When you see: "Find all combinations", "Generate all", "Explore all possibilities"

Think: Backtracking!

Backtracking Template:

def backtrack(choices, current_state):
    if is_solution(current_state):
        result.append(current_state)
        return

    for choice in choices:
        make_choice(choice)
        backtrack(remaining_choices, new_state)
        undo_choice(choice)  # Backtrack!

Problem 18: Permutations (Medium)

LeetCode #46

Problem: Given an array nums of distinct integers, return all possible permutations.

Intuition

Key Insight: Build permutations by choosing elements one by one, backtracking when complete.

Difference from subsets: Order matters! [1,2] and [2,1] are different permutations.

def permute(nums):
    """
    Backtracking with tracking which elements are used

    How it works:
    1. Try each unused element as next position
    2. Mark as used, recurse
    3. When permutation complete (length == n), add to result
    4. Backtrack: unmark and try next choice

    Example: nums = [1,2,3]

    Build [1, ?, ?]:
      Try [1,2,?]:
        Try [1,2,3] ✓ (complete)
      Try [1,3,?]:
        Try [1,3,2] ✓ (complete)
    Build [2, ?, ?]:
      ... and so on

    Result: [[1,2,3], [1,3,2], [2,1,3], [2,3,1], [3,1,2], [3,2,1]]

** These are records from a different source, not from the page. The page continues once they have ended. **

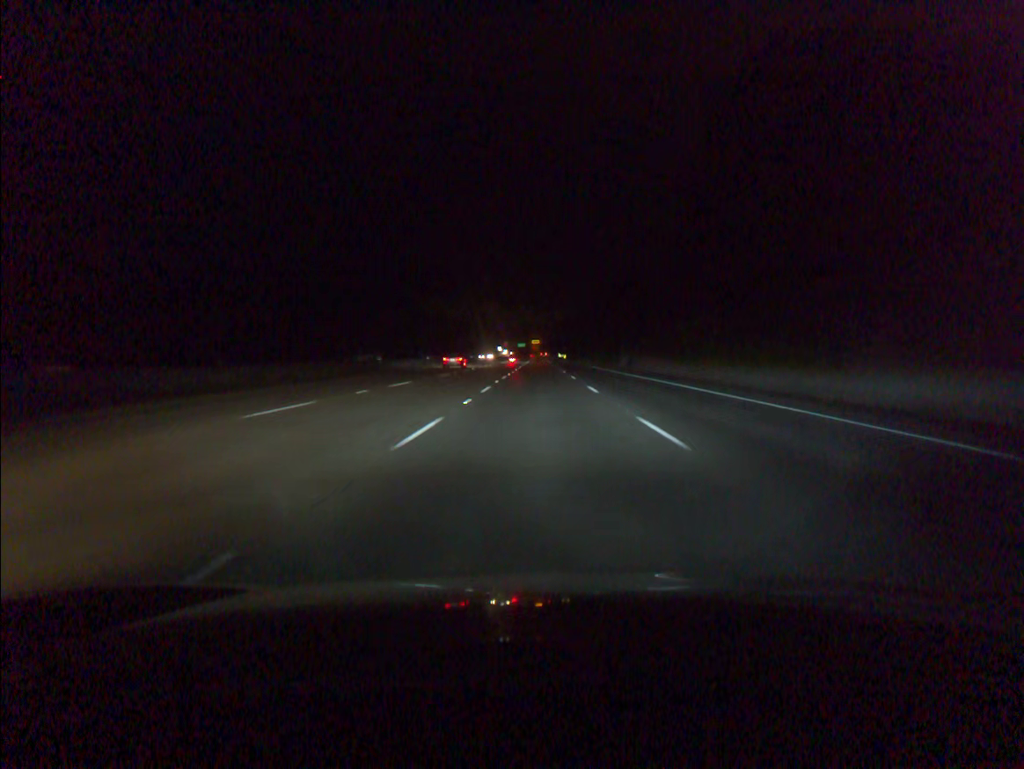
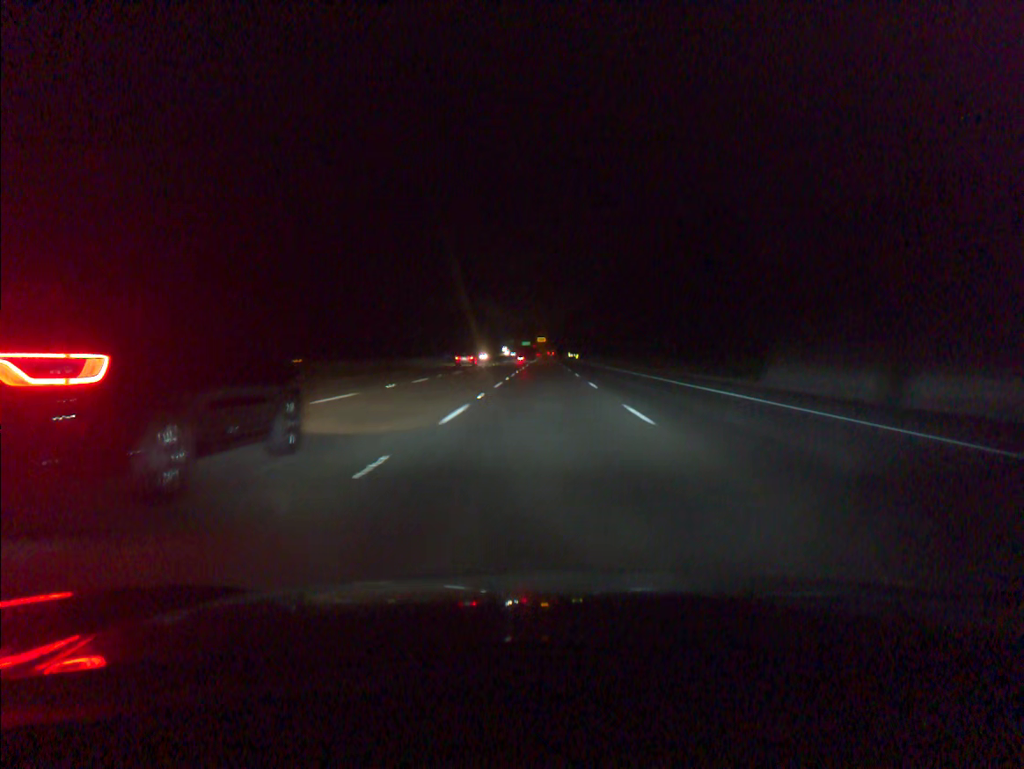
(-0.2, +55.1) m; 0°
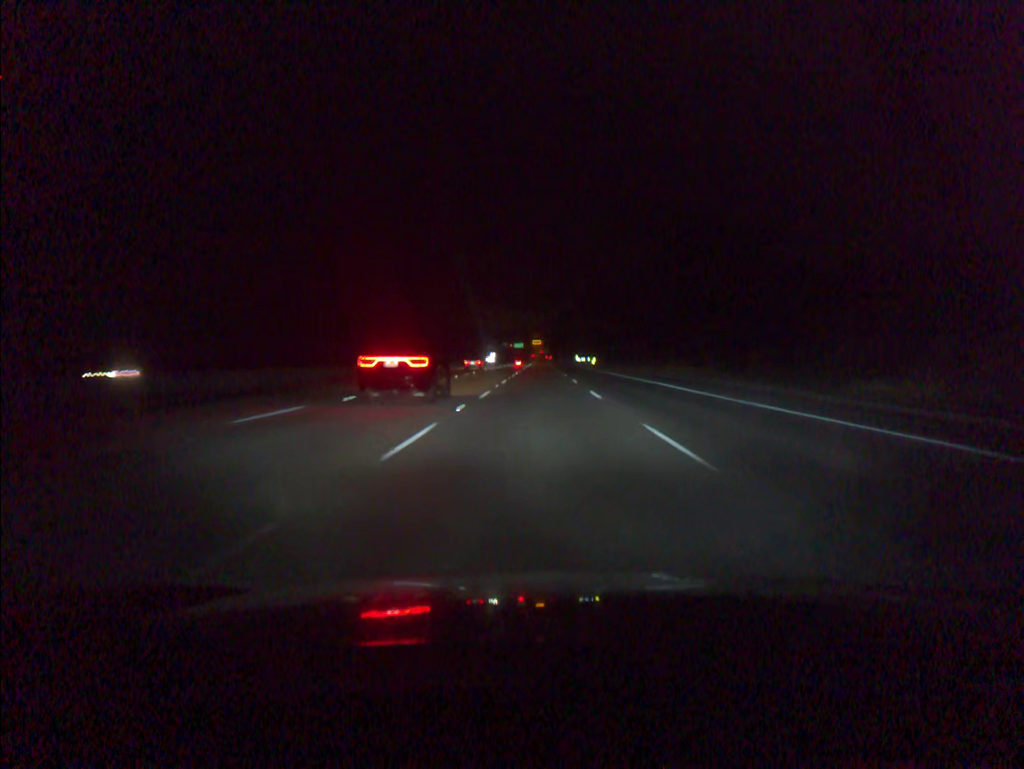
(+0.4, +91.8) m; 0°
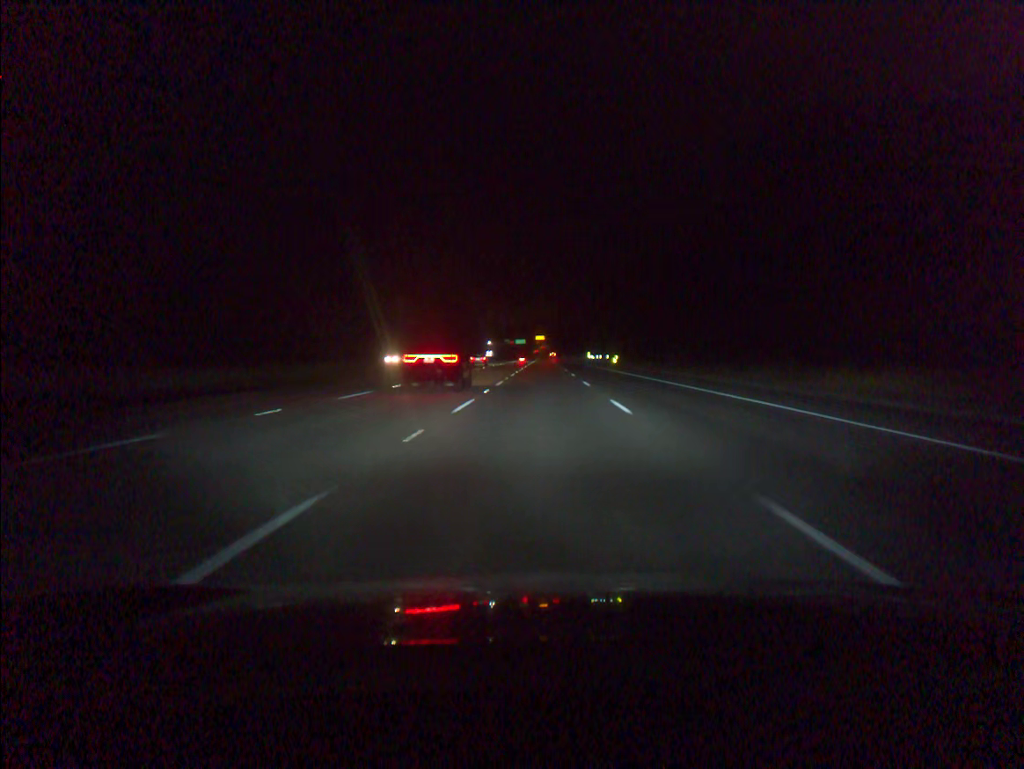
(-0.1, +36.7) m; 0°
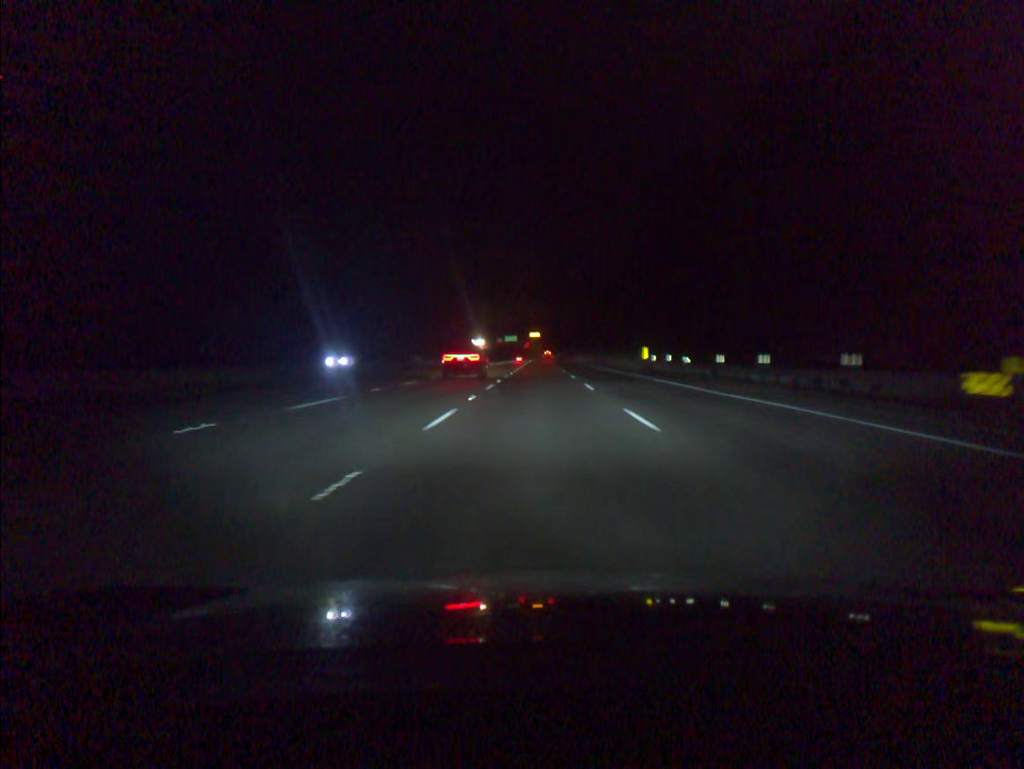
(+0.2, +91.7) m; 0°
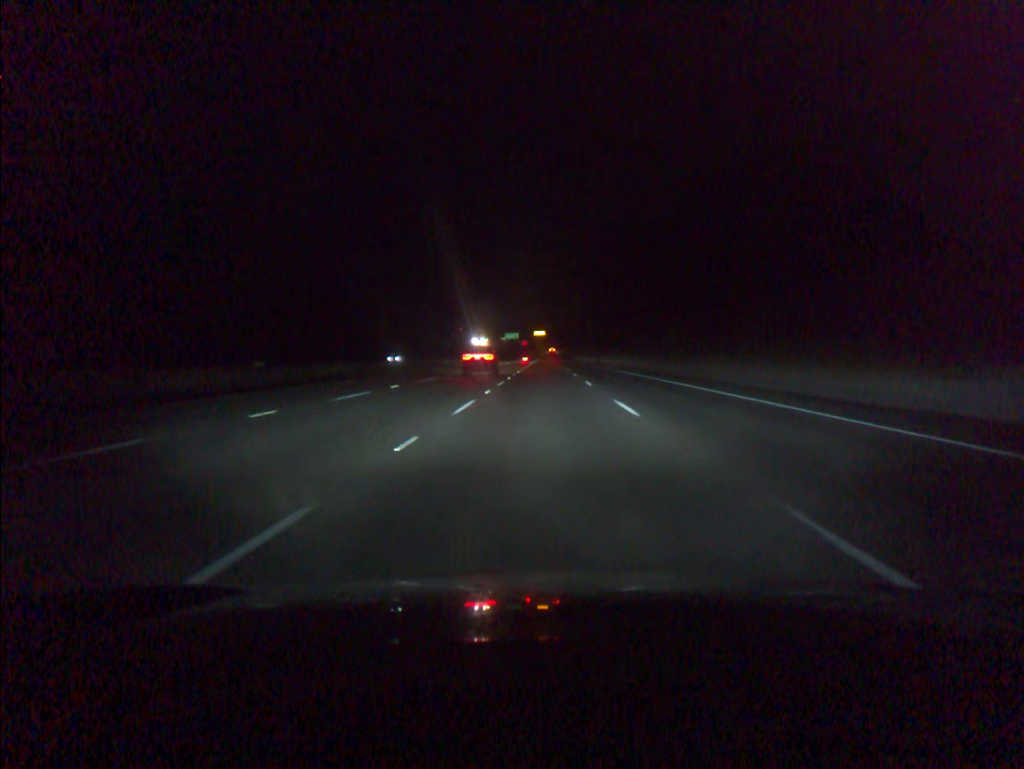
(-0.2, +54.9) m; 0°
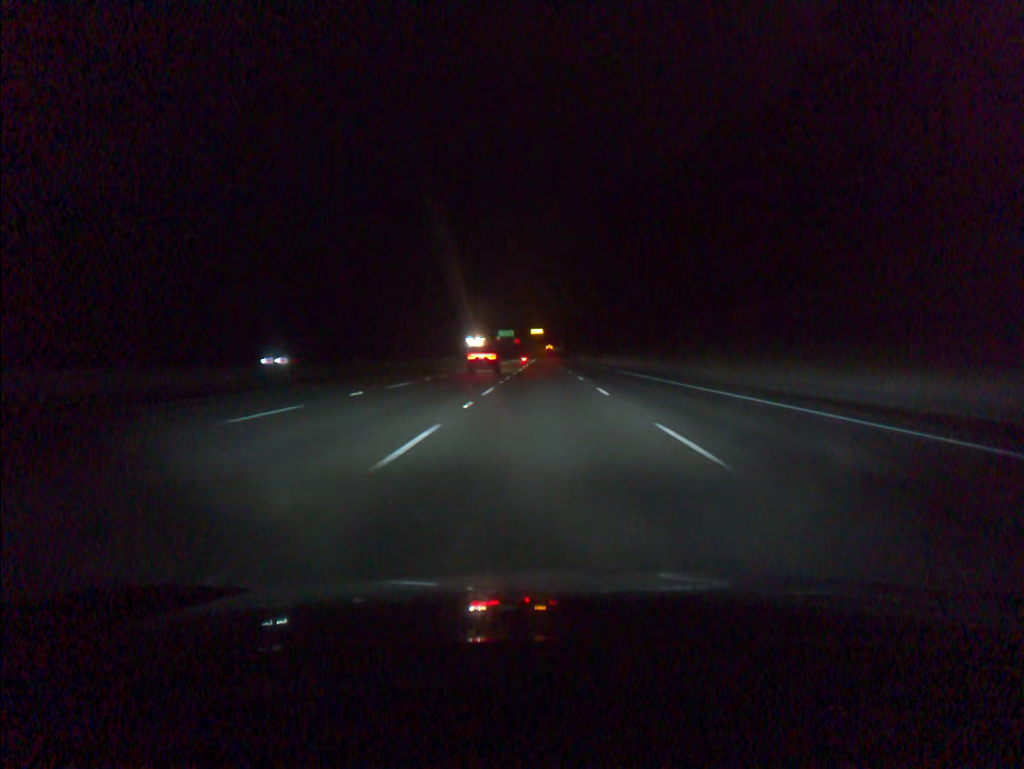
(0.0, +36.6) m; 0°

    Time: O(n! × n) - n! permutations, each O(n) to build
    Space: O(n) - recursion depth
    """
    result = []

    def backtrack(current):
        # Base case: permutation complete
        if len(current) == len(nums):
            result.append(current[:])
            return

        for num in nums:
            if num in current:  # Already used
                continue

            # Make choice
            current.append(num)
            backtrack(current)
            current.pop()  # Backtrack

    backtrack([])
    return result

Optimized: Swap-based Approach

def permute_swap(nums):
    """
    In-place swapping approach

    Instead of tracking used elements, swap them to current position

    Time: O(n! × n)
    Space: O(n) - recursion only
    """
    result = []

    def backtrack(start):
        if start == len(nums):
            result.append(nums[:])
            return

        for i in range(start, len(nums)):
            # Swap to current position
            nums[start], nums[i] = nums[i], nums[start]
            backtrack(start + 1)
            # Swap back (backtrack)
            nums[start], nums[i] = nums[i], nums[start]

    backtrack(0)
    return result

Pattern 10: Graphs

Problem 19: Number of Islands (Medium)

LeetCode #200

Problem: Given a 2D grid of '1's (land) and '0's (water), count the number of islands.

Intuition

Key Insight: Each connected component of 1's is an island. Use DFS/BFS to mark entire island when found.

WHY DFS? When we find a '1', we need to explore all connected land to mark the entire island.

def numIslands(grid):
    """
    DFS approach

    How it works:
    1. Scan grid for '1'
    2. When found: increment island count
    3. DFS to mark entire island as visited ('0')
    4. Continue scanning

    Example: grid = [
      ['1','1','0','0','0'],
      ['1','1','0','0','0'],
      ['0','0','1','0','0'],
      ['0','0','0','1','1']
    ]

    Find '1' at (0,0) → DFS marks (0,0), (0,1), (1,0), (1,1) → count=1
    Find '1' at (2,2) → DFS marks (2,2) → count=2
    Find '1' at (3,3) → DFS marks (3,3), (3,4) → count=3

    Return 3

    Time: O(m × n) - visit each cell once
    Space: O(m × n) - worst case recursion depth (all land)
    """
    if not grid:
        return 0

    rows, cols = len(grid), len(grid[0])
    islands = 0

    def dfs(r, c):
        # Base cases: out of bounds or water
        if (r < 0 or r >= rows or
            c < 0 or c >= cols or
            grid[r][c] == '0'):
            return

        # Mark as visited
        grid[r][c] = '0'

        # Explore all 4 directions
        dfs(r + 1, c)  # Down
        dfs(r - 1, c)  # Up
        dfs(r, c + 1)  # Right
        dfs(r, c - 1)  # Left

    for r in range(rows):
        for c in range(cols):
            if grid[r][c] == '1':
                islands += 1
                dfs(r, c)  # Mark entire island

    return islands

BFS Approach

from collections import deque

def numIslands_bfs(grid):
    """
    BFS approach - explores level by level

    Same logic, different traversal order
    """
    if not grid:
        return 0

    rows, cols = len(grid), len(grid[0])
    islands = 0

    def bfs(r, c):
        queue = deque([(r, c)])
        grid[r][c] = '0'

        while queue:
            row, col = queue.popleft()
            directions = [(1,0), (-1,0), (0,1), (0,-1)]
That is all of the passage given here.